So, when it came time for me to be out on my own, the need for a pet ran deeply. I couldn't imagine not having one, and since I was finally beyond the restrictions of college dorm/sorority house/rental house living, the possibility of taking on a new furry friend became reality. I went to the Humane Society and picked a four-year old Black Lab mix named Ilsa. My roommate, already hesitant about adding a new live-in, insisted the dog go back after she shredded the carpet and the front door...all within the first two days in her new abode. I was devastated and embarrassed that I had taken on more than I could handle and spent the whole weekend looking for a rescue facility to take her in. One finally called me back--the afternoon after I reluctantly returned her to the shelter.

From the beginning, the plan had always been that I would take Snowball/George in as soon as I had my own place. My mother always feigned hatred for the cat, yet when the time came for me to take him in, she protested with reason after reason why he should stay at her house instead of making the move. And although I teased her about it, I knew that she was right. Snowball had spent almost his entire life in the same place...there was no need to uproot him now. So my mom took me to the Humane Society in Kokomo, and we picked out a perfect little kitten for me to call my own. I named him (I forget now what it was) and brought him back to Indianapolis to start his new life in the big city. Two days later, he died in my closet on top of a pile of my shoes. After poking him with a hanger to confirm his demise, I called my parents in hysterics. Thankfully, they were in Indy for a play and offered to come retrieve said dead animal from the closet and return him to the shelter. That was it...the pet thing was out of my system.

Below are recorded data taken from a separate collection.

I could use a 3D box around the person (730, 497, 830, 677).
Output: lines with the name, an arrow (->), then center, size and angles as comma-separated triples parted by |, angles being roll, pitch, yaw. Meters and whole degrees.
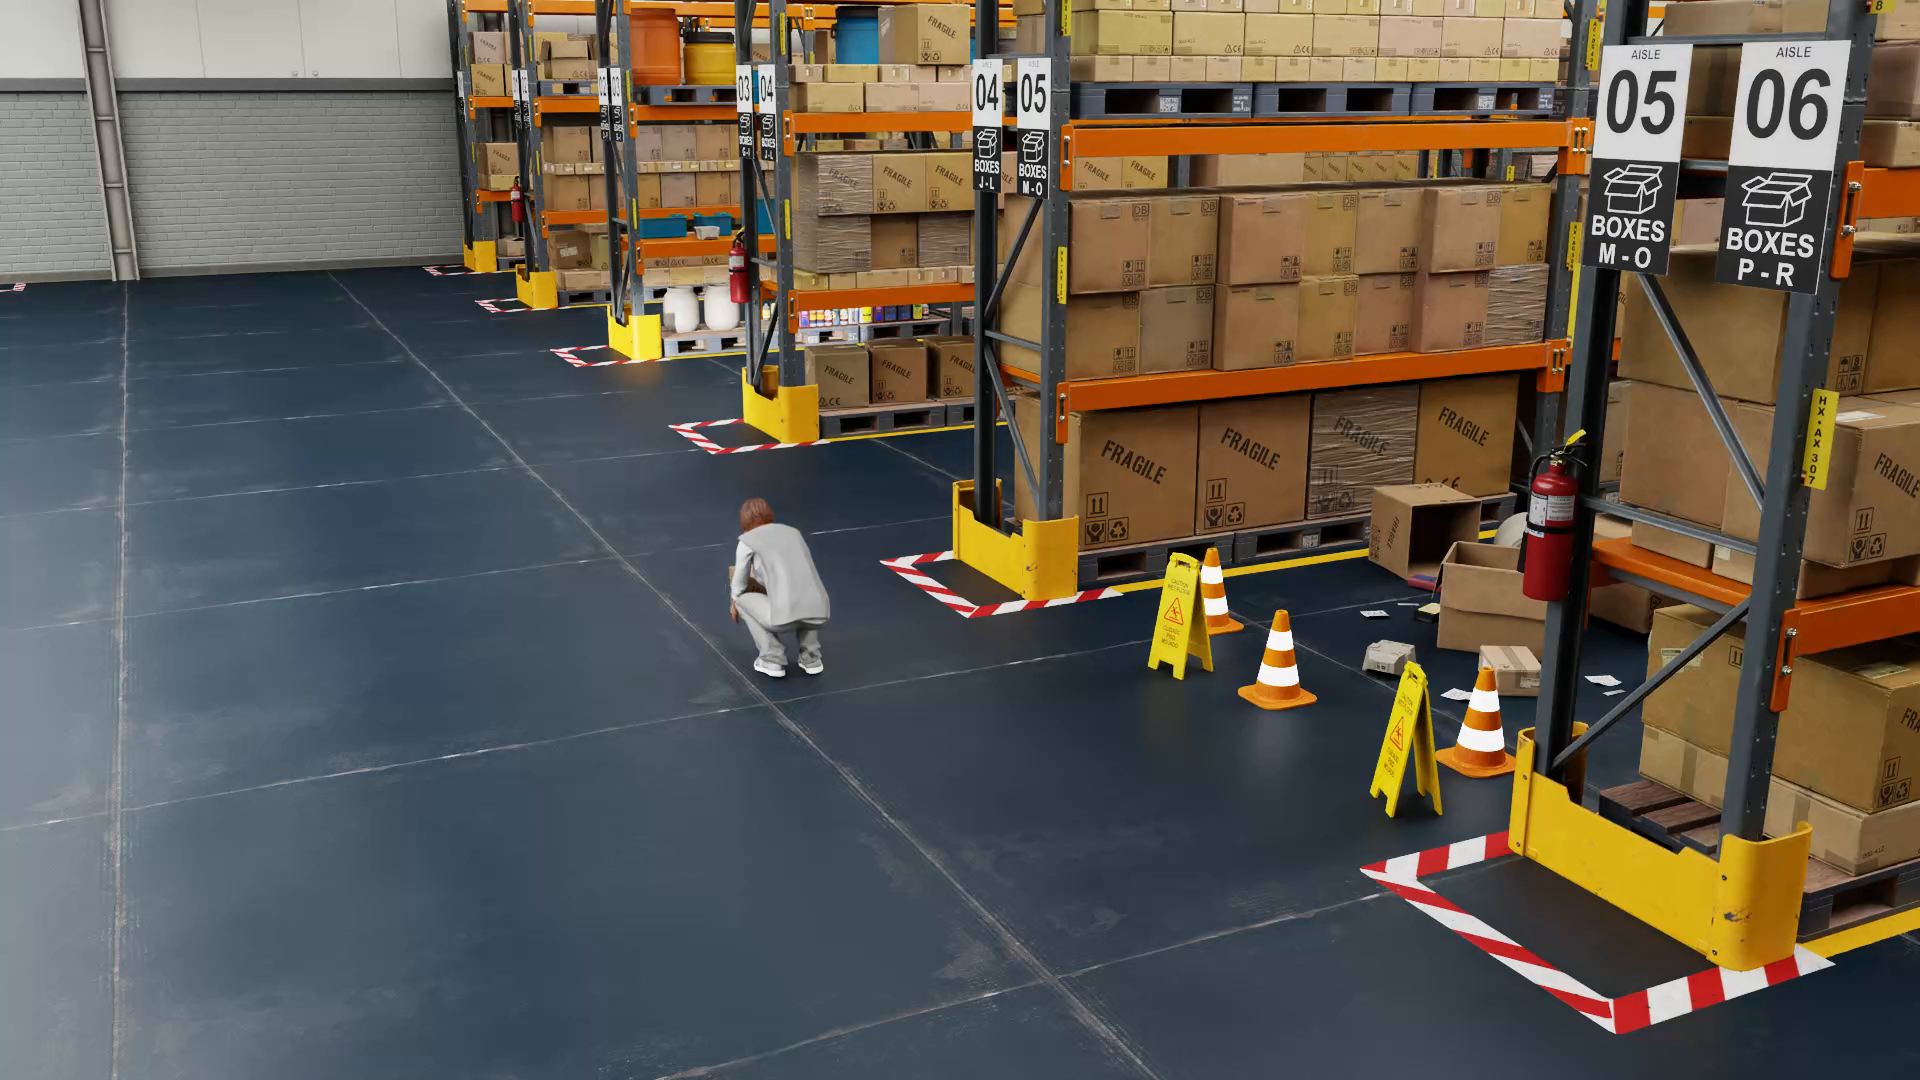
person -> -0.975, 0.257, 8.967 | 0.435, 0.885, 0.813 | -8, 17, -25
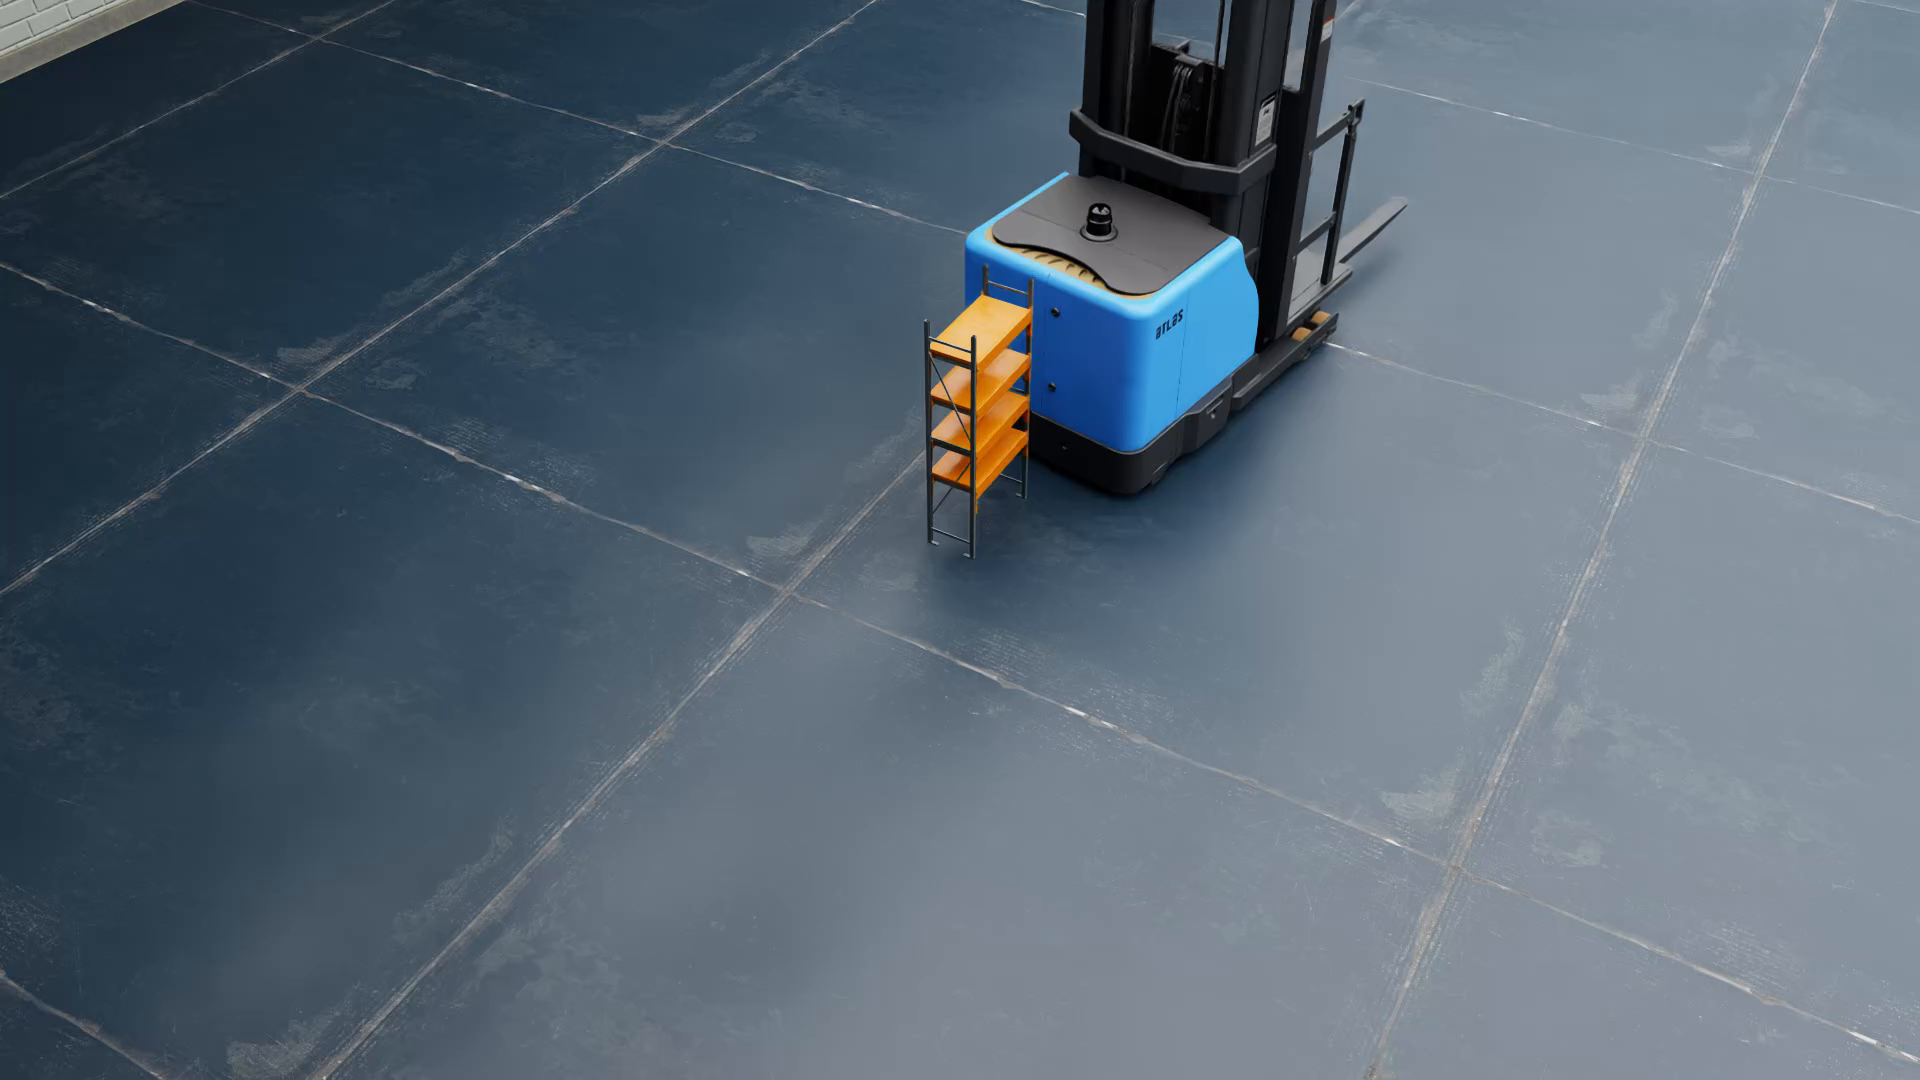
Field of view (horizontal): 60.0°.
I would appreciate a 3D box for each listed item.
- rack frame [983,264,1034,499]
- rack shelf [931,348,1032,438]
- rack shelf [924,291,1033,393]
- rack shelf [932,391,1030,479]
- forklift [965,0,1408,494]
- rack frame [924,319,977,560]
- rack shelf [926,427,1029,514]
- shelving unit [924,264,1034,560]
[{"bbox_3d":[0.205,-0.685,7.435,0.240,1.200,0.015,21,45,22],"label":"rack frame"},{"bbox_3d":[0.083,-0.662,7.173,0.258,0.148,0.480,21,45,22],"label":"rack shelf"},{"bbox_3d":[0.083,-0.840,7.017,0.258,0.148,0.480,21,45,22],"label":"rack shelf"},{"bbox_3d":[0.083,-0.495,7.321,0.258,0.148,0.480,21,45,22],"label":"rack shelf"},{"bbox_3d":[1.326,-2.223,7.872,1.130,2.935,3.031,28,49,28],"label":"forklift"},{"bbox_3d":[-0.039,-0.405,7.118,0.240,1.200,0.015,21,45,22],"label":"rack frame"},{"bbox_3d":[0.083,-0.346,7.452,0.258,0.148,0.480,21,45,22],"label":"rack shelf"},{"bbox_3d":[0.083,-0.545,7.277,0.258,1.200,0.503,21,45,22],"label":"shelving unit"}]

Then came Thanksgiving of 2000. I came home the day before, dirty laundry in tow, and started to head to the garage to unload my basket. I stopped as everyone jumped from their chairs like a bunch of hooligans screaming, "DON'T OPEN THAT DOOR!" When I gave them a much-deserved "you're crazy" look, my mom came over and opened the door to the garage--revealing a relatively scrawny little tiger kitty. My step-nephews had rescued the poor little guy and wanted to keep him, but their household had already reached it's domesticated animal limit. So they dismissively told me, "If you don't want him, we can put him back out in the cold." Admittedly, I was a little skeptical about taking on a new pet with my track record thus far. But he was especially cute and had the greenest eyes I've ever seen on a cat. I decided to take him in but refused to name him until after he had been checked out by the vet and made it through his neutering. Finally, sometime after the new year, he began going by Kelso.

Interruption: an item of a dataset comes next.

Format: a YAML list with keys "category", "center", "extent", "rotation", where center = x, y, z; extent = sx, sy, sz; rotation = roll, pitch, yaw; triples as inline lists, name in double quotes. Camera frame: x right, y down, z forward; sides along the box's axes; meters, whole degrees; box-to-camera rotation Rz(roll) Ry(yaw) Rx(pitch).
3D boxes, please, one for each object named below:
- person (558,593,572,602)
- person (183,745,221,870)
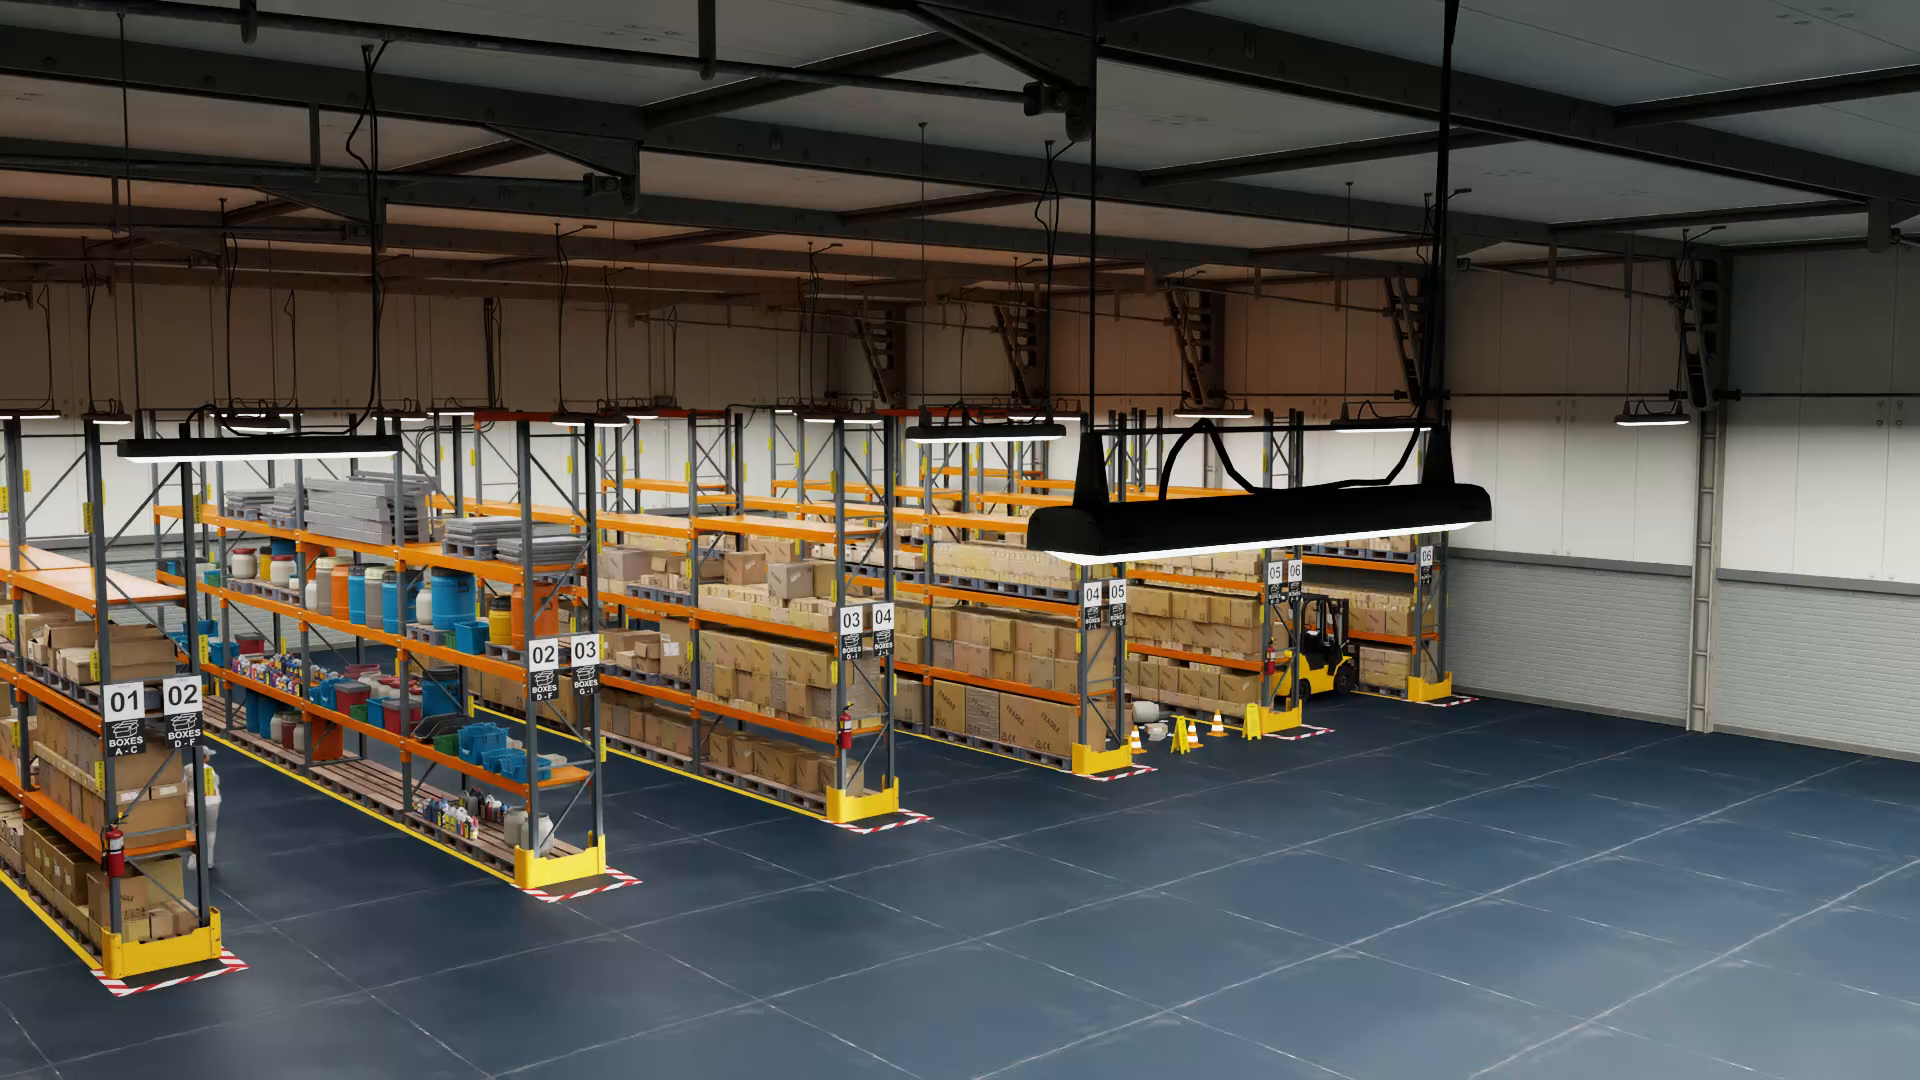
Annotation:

Kelso has come a long way since his paltry days as a half-dead stray. For starters, he made up for those days without food or shelter by packing on the pounds--at his heaviest he weighed a whopping 16.5 pounds--before slimming down to a svelte 12 pounds on his vet-recommended, low-cal kitty diet. He has loved, and lost, his best and dearest friend Lizard* to the massive and indiscriminate jaws of our Labrador Retriever. Then there are the four relocations he survived, though he's down to eight lives after one of the moves. And now, he basically runs the household. One behavior, in particular, has grown a bit cumbersome. It's a little trick he does, which I've dubbed The Scream Machine. Going on his highly tuned and mysterious inner clock alone, Kelso sneaks up to the ears of unsuspecting sleepers [Marc & me] and lets out the loudest meow he can muster. This generally sounds something like a banshee crying out in the night and takes place anywhere from 3:00 - 5:00 AM. It's a big ol' giant MRRWAAAAH that resonates through the dark room like the remnants of the cymbal whacked on The Gong Show. The only difference is that it is repetitive....over and over he MRWAHs at a tone and pitch that is guaranteed to grate even nerves of steel. Every morning, Marc grudgingly drags himself from the warmth of the covers, scoops up the offender, takes him to our spare bedroom [which has come to be known as Kelso's bedroom], and closes the door.

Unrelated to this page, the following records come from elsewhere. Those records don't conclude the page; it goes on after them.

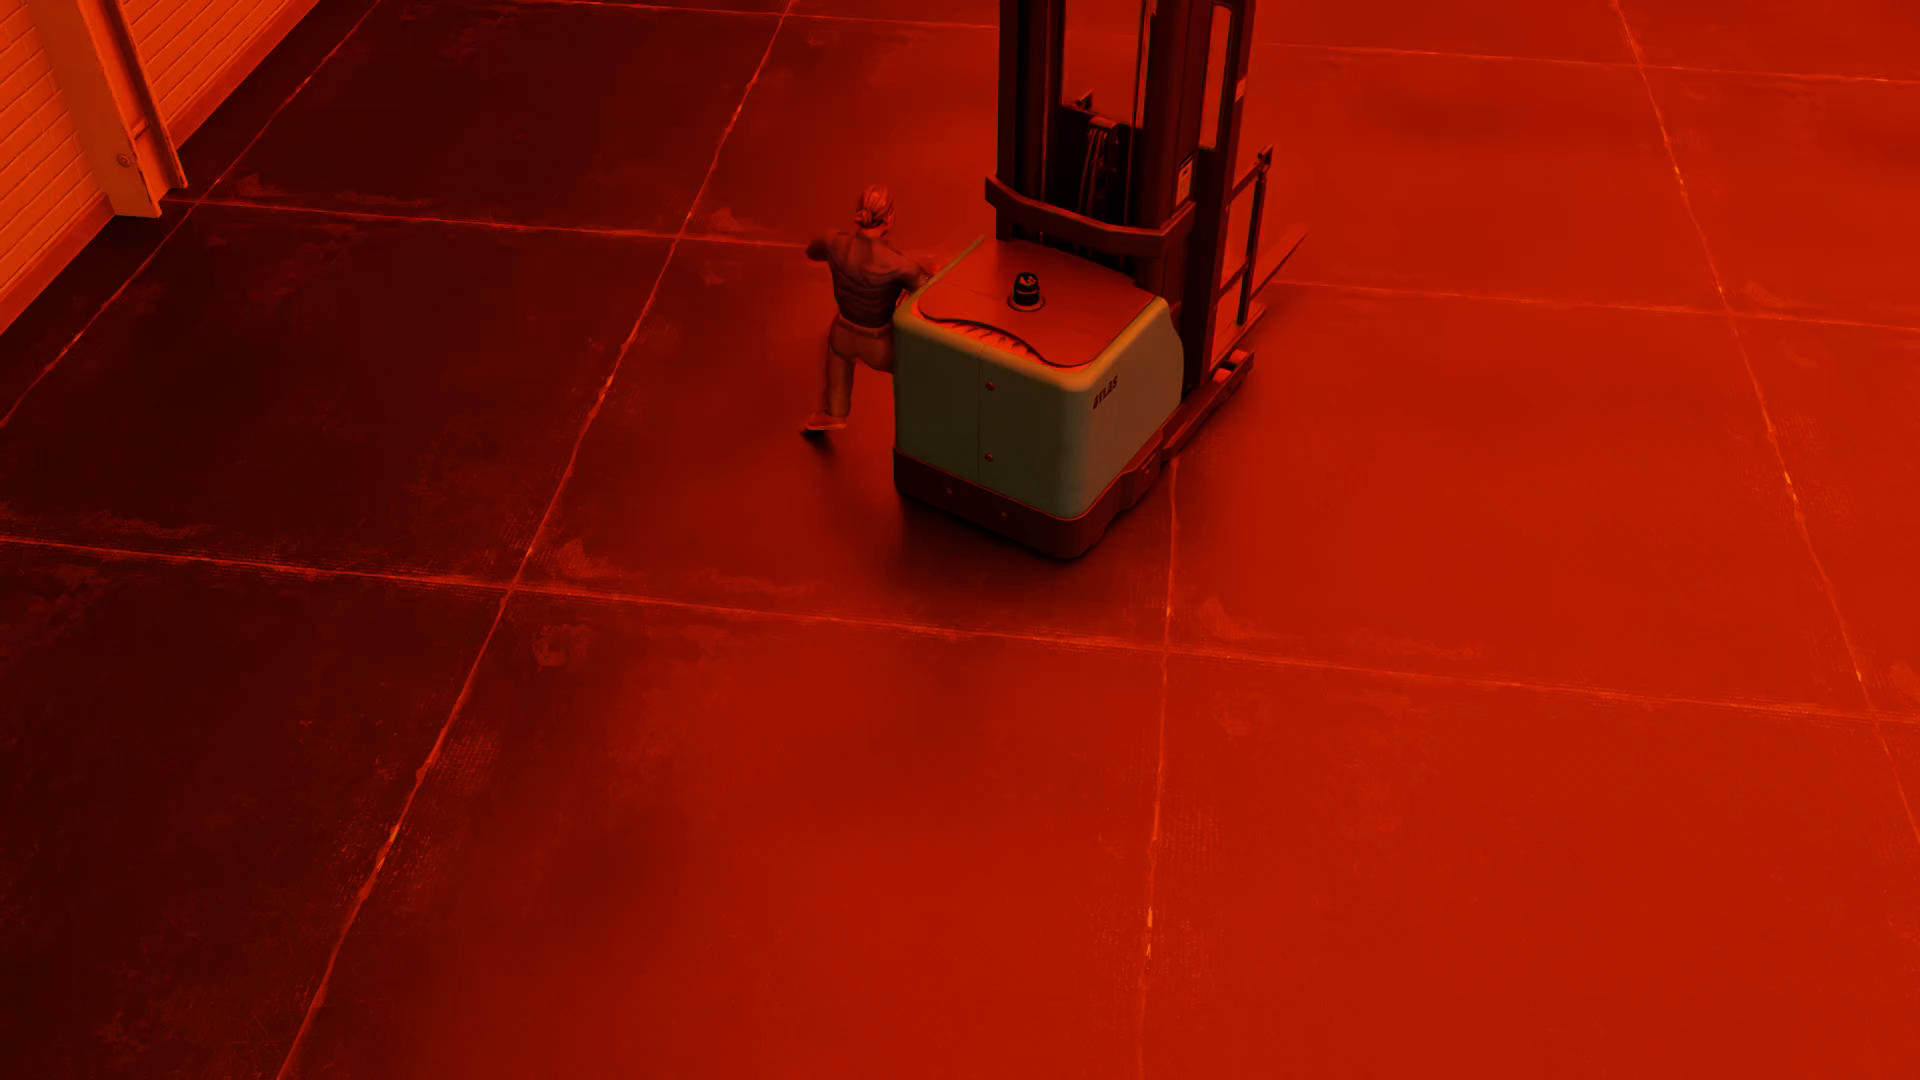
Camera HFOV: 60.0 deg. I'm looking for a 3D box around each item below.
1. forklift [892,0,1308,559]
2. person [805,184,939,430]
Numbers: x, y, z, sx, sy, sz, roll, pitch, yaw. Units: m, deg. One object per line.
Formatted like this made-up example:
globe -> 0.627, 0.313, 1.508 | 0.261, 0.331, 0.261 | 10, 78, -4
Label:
forklift -> 0.896, -1.965, 7.864 | 1.130, 2.935, 3.031 | 23, 47, 23
person -> -0.326, -1.099, 7.995 | 0.894, 1.481, 0.641 | 22, 47, 22

We realize that Kelso's war cry is in fact his way of informing us that he is ready for breakfast, despite the fact that it's much too early. But Marc has his theories. He explains to me that cats have brains the size of a golf ball and that if they use the same percentage of their brains as humans do, well then...the usable part of a cat's brain is about the size of a pencil eraser. Marc is convinced that it's the only way to account for why our finicky feline is so persistent even when his belligerent behavior produces the same results each morning. Personally, I would like to think that it's just his small, albeit misguided, attempt to say, "Thanks, you guys...what a life!"

*Note: No animals were harmed in the making of this blog. Lizard was a rubber, suction-cup clad toy.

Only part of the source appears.